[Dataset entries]
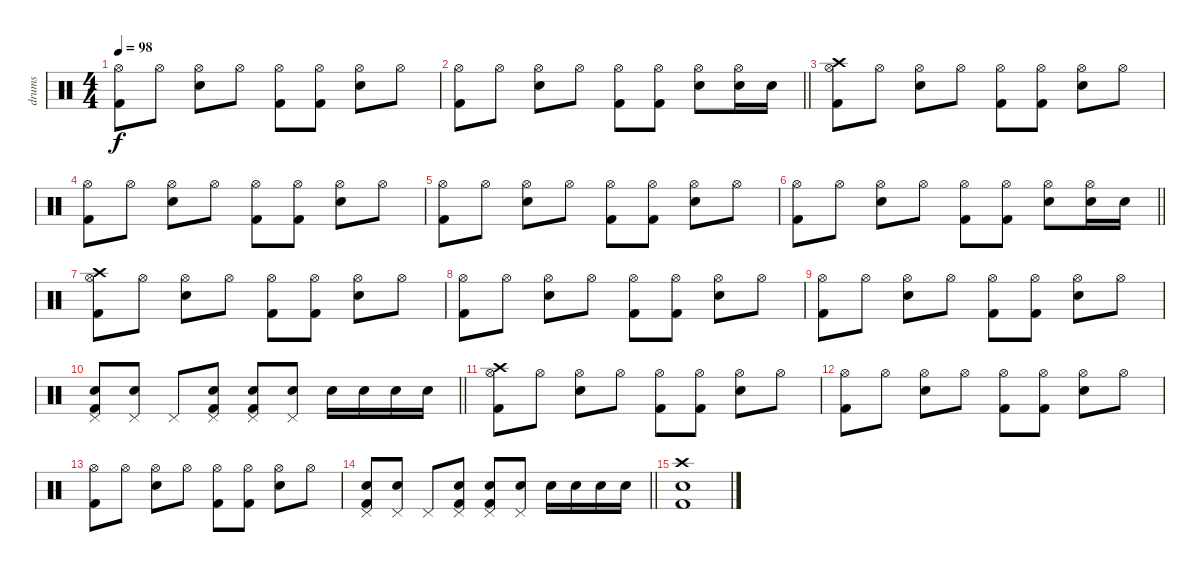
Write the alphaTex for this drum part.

\track ("drums" "drums") {instrument percussion}
\staff {score}
\articulation defaults
\ts (4 4)
\tempo 98
\clef neutral
\ks c
("Kick (hit) 2" "Hi-Hat (open)").8{dy f} "Hi-Hat (open)".8 ("Electric Snare (hit)" "Hi-Hat (open)").8 "Hi-Hat (open)".8 ("Kick (hit) 2" "Hi-Hat (open)").8 ("Kick (hit) 2" "Hi-Hat (open)").8 ("Electric Snare (hit)" "Hi-Hat (open)").8 "Hi-Hat (open)".8 |
\barLineRight lightlight
("Kick (hit) 2" "Hi-Hat (open)").8 "Hi-Hat (open)".8 ("Electric Snare (hit)" "Hi-Hat (open)").8 "Hi-Hat (open)".8 ("Kick (hit) 2" "Hi-Hat (open)").8 ("Kick (hit) 2" "Hi-Hat (open)").8 ("Electric Snare (hit)" "Hi-Hat (open)").8 ("Electric Snare (hit)" "Hi-Hat (open)").16 "Electric Snare (hit)".16 |
("Kick (hit) 2" "Hi-Hat (open)" "Crash high (hit)").8 "Hi-Hat (open)".8 ("Electric Snare (hit)" "Hi-Hat (open)").8 "Hi-Hat (open)".8 ("Kick (hit) 2" "Hi-Hat (open)").8 ("Kick (hit) 2" "Hi-Hat (open)").8 ("Electric Snare (hit)" "Hi-Hat (open)").8 "Hi-Hat (open)".8 |
("Kick (hit) 2" "Hi-Hat (open)").8 "Hi-Hat (open)".8 ("Electric Snare (hit)" "Hi-Hat (open)").8 "Hi-Hat (open)".8 ("Kick (hit) 2" "Hi-Hat (open)").8 ("Kick (hit) 2" "Hi-Hat (open)").8 ("Electric Snare (hit)" "Hi-Hat (open)").8 "Hi-Hat (open)".8 |
("Kick (hit) 2" "Hi-Hat (open)").8 "Hi-Hat (open)".8 ("Electric Snare (hit)" "Hi-Hat (open)").8 "Hi-Hat (open)".8 ("Kick (hit) 2" "Hi-Hat (open)").8 ("Kick (hit) 2" "Hi-Hat (open)").8 ("Electric Snare (hit)" "Hi-Hat (open)").8 "Hi-Hat (open)".8 |
\barLineRight lightlight
("Kick (hit) 2" "Hi-Hat (open)").8 "Hi-Hat (open)".8 ("Electric Snare (hit)" "Hi-Hat (open)").8 "Hi-Hat (open)".8 ("Kick (hit) 2" "Hi-Hat (open)").8 ("Kick (hit) 2" "Hi-Hat (open)").8 ("Electric Snare (hit)" "Hi-Hat (open)").8 ("Electric Snare (hit)" "Hi-Hat (open)").16 "Electric Snare (hit)".16 |
("Kick (hit) 2" "Hi-Hat (open)" "Crash high (hit)").8 "Hi-Hat (open)".8 ("Electric Snare (hit)" "Hi-Hat (open)").8 "Hi-Hat (open)".8 ("Kick (hit) 2" "Hi-Hat (open)").8 ("Kick (hit) 2" "Hi-Hat (open)").8 ("Electric Snare (hit)" "Hi-Hat (open)").8 "Hi-Hat (open)".8 |
("Kick (hit) 2" "Hi-Hat (open)").8 "Hi-Hat (open)".8 ("Electric Snare (hit)" "Hi-Hat (open)").8 "Hi-Hat (open)".8 ("Kick (hit) 2" "Hi-Hat (open)").8 ("Kick (hit) 2" "Hi-Hat (open)").8 ("Electric Snare (hit)" "Hi-Hat (open)").8 "Hi-Hat (open)".8 |
("Kick (hit) 2" "Hi-Hat (open)").8 "Hi-Hat (open)".8 ("Electric Snare (hit)" "Hi-Hat (open)").8 "Hi-Hat (open)".8 ("Kick (hit) 2" "Hi-Hat (open)").8 ("Kick (hit) 2" "Hi-Hat (open)").8 ("Electric Snare (hit)" "Hi-Hat (open)").8 "Hi-Hat (open)".8 |
\barLineRight lightlight
("Kick (hit) 2" "Electric Snare (hit)" "Pedal Hi-Hat (hit)").8 ("Electric Snare (hit)" "Pedal Hi-Hat (hit)").8 "Pedal Hi-Hat (hit)".8 ("Kick (hit) 2" "Electric Snare (hit)" "Pedal Hi-Hat (hit)").8 ("Kick (hit) 2" "Electric Snare (hit)" "Pedal Hi-Hat (hit)").8 ("Electric Snare (hit)" "Pedal Hi-Hat (hit)").8 "Electric Snare (hit)".16 "Electric Snare (hit)".16 "Electric Snare (hit)".16 "Electric Snare (hit)".16 |
("Kick (hit) 2" "Hi-Hat (open)" "Crash high (hit)").8 "Hi-Hat (open)".8 ("Electric Snare (hit)" "Hi-Hat (open)").8 "Hi-Hat (open)".8 ("Kick (hit) 2" "Hi-Hat (open)").8 ("Kick (hit) 2" "Hi-Hat (open)").8 ("Electric Snare (hit)" "Hi-Hat (open)").8 "Hi-Hat (open)".8 |
("Kick (hit) 2" "Hi-Hat (open)").8 "Hi-Hat (open)".8 ("Electric Snare (hit)" "Hi-Hat (open)").8 "Hi-Hat (open)".8 ("Kick (hit) 2" "Hi-Hat (open)").8 ("Kick (hit) 2" "Hi-Hat (open)").8 ("Electric Snare (hit)" "Hi-Hat (open)").8 "Hi-Hat (open)".8 |
("Kick (hit) 2" "Hi-Hat (open)").8 "Hi-Hat (open)".8 ("Electric Snare (hit)" "Hi-Hat (open)").8 "Hi-Hat (open)".8 ("Kick (hit) 2" "Hi-Hat (open)").8 ("Kick (hit) 2" "Hi-Hat (open)").8 ("Electric Snare (hit)" "Hi-Hat (open)").8 "Hi-Hat (open)".8 |
\barLineRight lightlight
("Kick (hit) 2" "Electric Snare (hit)" "Pedal Hi-Hat (hit)").8 ("Electric Snare (hit)" "Pedal Hi-Hat (hit)").8 "Pedal Hi-Hat (hit)".8 ("Kick (hit) 2" "Electric Snare (hit)" "Pedal Hi-Hat (hit)").8 ("Kick (hit) 2" "Electric Snare (hit)" "Pedal Hi-Hat (hit)").8 ("Electric Snare (hit)" "Pedal Hi-Hat (hit)").8 "Electric Snare (hit)".16 "Electric Snare (hit)".16 "Electric Snare (hit)".16 "Electric Snare (hit)".16 |
("Kick (hit) 2" "Electric Snare (hit)" "Crash high (hit)").1
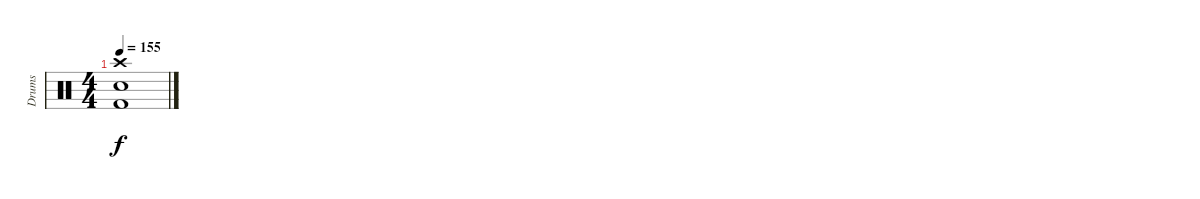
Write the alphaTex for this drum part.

\track ("Drums" "Drums") {instrument percussion}
\staff {score}
\articulation defaults
\ts (4 4)
\tempo 155
\clef neutral
\ks c
("Crash high (hit)" "Electric Snare (hit)" "Kick (hit) 2").1{dy f}

• Assignment
Word for word, restate each line above, minus its pictures.

• The answer
Write the alphaTex for this drum part.

\track ("drums" "drums") {instrument percussion}
\staff {score}
\articulation defaults
\ts (4 4)
\tempo 98
\clef neutral
\ks c
("Kick (hit) 2" "Hi-Hat (open)").8{dy f} "Hi-Hat (open)".8 ("Electric Snare (hit)" "Hi-Hat (open)").8 "Hi-Hat (open)".8 ("Kick (hit) 2" "Hi-Hat (open)").8 ("Kick (hit) 2" "Hi-Hat (open)").8 ("Electric Snare (hit)" "Hi-Hat (open)").8 "Hi-Hat (open)".8 |
\barLineRight lightlight
("Kick (hit) 2" "Hi-Hat (open)").8 "Hi-Hat (open)".8 ("Electric Snare (hit)" "Hi-Hat (open)").8 "Hi-Hat (open)".8 ("Kick (hit) 2" "Hi-Hat (open)").8 ("Kick (hit) 2" "Hi-Hat (open)").8 ("Electric Snare (hit)" "Hi-Hat (open)").8 ("Electric Snare (hit)" "Hi-Hat (open)").16 "Electric Snare (hit)".16 |
("Kick (hit) 2" "Hi-Hat (open)" "Crash high (hit)").8 "Hi-Hat (open)".8 ("Electric Snare (hit)" "Hi-Hat (open)").8 "Hi-Hat (open)".8 ("Kick (hit) 2" "Hi-Hat (open)").8 ("Kick (hit) 2" "Hi-Hat (open)").8 ("Electric Snare (hit)" "Hi-Hat (open)").8 "Hi-Hat (open)".8 |
("Kick (hit) 2" "Hi-Hat (open)").8 "Hi-Hat (open)".8 ("Electric Snare (hit)" "Hi-Hat (open)").8 "Hi-Hat (open)".8 ("Kick (hit) 2" "Hi-Hat (open)").8 ("Kick (hit) 2" "Hi-Hat (open)").8 ("Electric Snare (hit)" "Hi-Hat (open)").8 "Hi-Hat (open)".8 |
("Kick (hit) 2" "Hi-Hat (open)").8 "Hi-Hat (open)".8 ("Electric Snare (hit)" "Hi-Hat (open)").8 "Hi-Hat (open)".8 ("Kick (hit) 2" "Hi-Hat (open)").8 ("Kick (hit) 2" "Hi-Hat (open)").8 ("Electric Snare (hit)" "Hi-Hat (open)").8 "Hi-Hat (open)".8 |
\barLineRight lightlight
("Kick (hit) 2" "Hi-Hat (open)").8 "Hi-Hat (open)".8 ("Electric Snare (hit)" "Hi-Hat (open)").8 "Hi-Hat (open)".8 ("Kick (hit) 2" "Hi-Hat (open)").8 ("Kick (hit) 2" "Hi-Hat (open)").8 ("Electric Snare (hit)" "Hi-Hat (open)").8 ("Electric Snare (hit)" "Hi-Hat (open)").16 "Electric Snare (hit)".16 |
("Kick (hit) 2" "Hi-Hat (open)" "Crash high (hit)").8 "Hi-Hat (open)".8 ("Electric Snare (hit)" "Hi-Hat (open)").8 "Hi-Hat (open)".8 ("Kick (hit) 2" "Hi-Hat (open)").8 ("Kick (hit) 2" "Hi-Hat (open)").8 ("Electric Snare (hit)" "Hi-Hat (open)").8 "Hi-Hat (open)".8 |
("Kick (hit) 2" "Hi-Hat (open)").8 "Hi-Hat (open)".8 ("Electric Snare (hit)" "Hi-Hat (open)").8 "Hi-Hat (open)".8 ("Kick (hit) 2" "Hi-Hat (open)").8 ("Kick (hit) 2" "Hi-Hat (open)").8 ("Electric Snare (hit)" "Hi-Hat (open)").8 "Hi-Hat (open)".8 |
("Kick (hit) 2" "Hi-Hat (open)").8 "Hi-Hat (open)".8 ("Electric Snare (hit)" "Hi-Hat (open)").8 "Hi-Hat (open)".8 ("Kick (hit) 2" "Hi-Hat (open)").8 ("Kick (hit) 2" "Hi-Hat (open)").8 ("Electric Snare (hit)" "Hi-Hat (open)").8 "Hi-Hat (open)".8 |
\barLineRight lightlight
("Kick (hit) 2" "Electric Snare (hit)" "Pedal Hi-Hat (hit)").8 ("Electric Snare (hit)" "Pedal Hi-Hat (hit)").8 "Pedal Hi-Hat (hit)".8 ("Kick (hit) 2" "Electric Snare (hit)" "Pedal Hi-Hat (hit)").8 ("Kick (hit) 2" "Electric Snare (hit)" "Pedal Hi-Hat (hit)").8 ("Electric Snare (hit)" "Pedal Hi-Hat (hit)").8 "Electric Snare (hit)".16 "Electric Snare (hit)".16 "Electric Snare (hit)".16 "Electric Snare (hit)".16 |
("Kick (hit) 2" "Hi-Hat (open)" "Crash high (hit)").8 "Hi-Hat (open)".8 ("Electric Snare (hit)" "Hi-Hat (open)").8 "Hi-Hat (open)".8 ("Kick (hit) 2" "Hi-Hat (open)").8 ("Kick (hit) 2" "Hi-Hat (open)").8 ("Electric Snare (hit)" "Hi-Hat (open)").8 "Hi-Hat (open)".8 |
("Kick (hit) 2" "Hi-Hat (open)").8 "Hi-Hat (open)".8 ("Electric Snare (hit)" "Hi-Hat (open)").8 "Hi-Hat (open)".8 ("Kick (hit) 2" "Hi-Hat (open)").8 ("Kick (hit) 2" "Hi-Hat (open)").8 ("Electric Snare (hit)" "Hi-Hat (open)").8 "Hi-Hat (open)".8 |
("Kick (hit) 2" "Hi-Hat (open)").8 "Hi-Hat (open)".8 ("Electric Snare (hit)" "Hi-Hat (open)").8 "Hi-Hat (open)".8 ("Kick (hit) 2" "Hi-Hat (open)").8 ("Kick (hit) 2" "Hi-Hat (open)").8 ("Electric Snare (hit)" "Hi-Hat (open)").8 "Hi-Hat (open)".8 |
\barLineRight lightlight
("Kick (hit) 2" "Electric Snare (hit)" "Pedal Hi-Hat (hit)").8 ("Electric Snare (hit)" "Pedal Hi-Hat (hit)").8 "Pedal Hi-Hat (hit)".8 ("Kick (hit) 2" "Electric Snare (hit)" "Pedal Hi-Hat (hit)").8 ("Kick (hit) 2" "Electric Snare (hit)" "Pedal Hi-Hat (hit)").8 ("Electric Snare (hit)" "Pedal Hi-Hat (hit)").8 "Electric Snare (hit)".16 "Electric Snare (hit)".16 "Electric Snare (hit)".16 "Electric Snare (hit)".16 |
("Kick (hit) 2" "Electric Snare (hit)" "Crash high (hit)").1
Write the alphaTex for this drum part.

\track ("Drums" "Drums") {instrument percussion}
\staff {score}
\articulation defaults
\ts (4 4)
\tempo 155
\clef neutral
\ks c
("Crash high (hit)" "Electric Snare (hit)" "Kick (hit) 2").1{dy f}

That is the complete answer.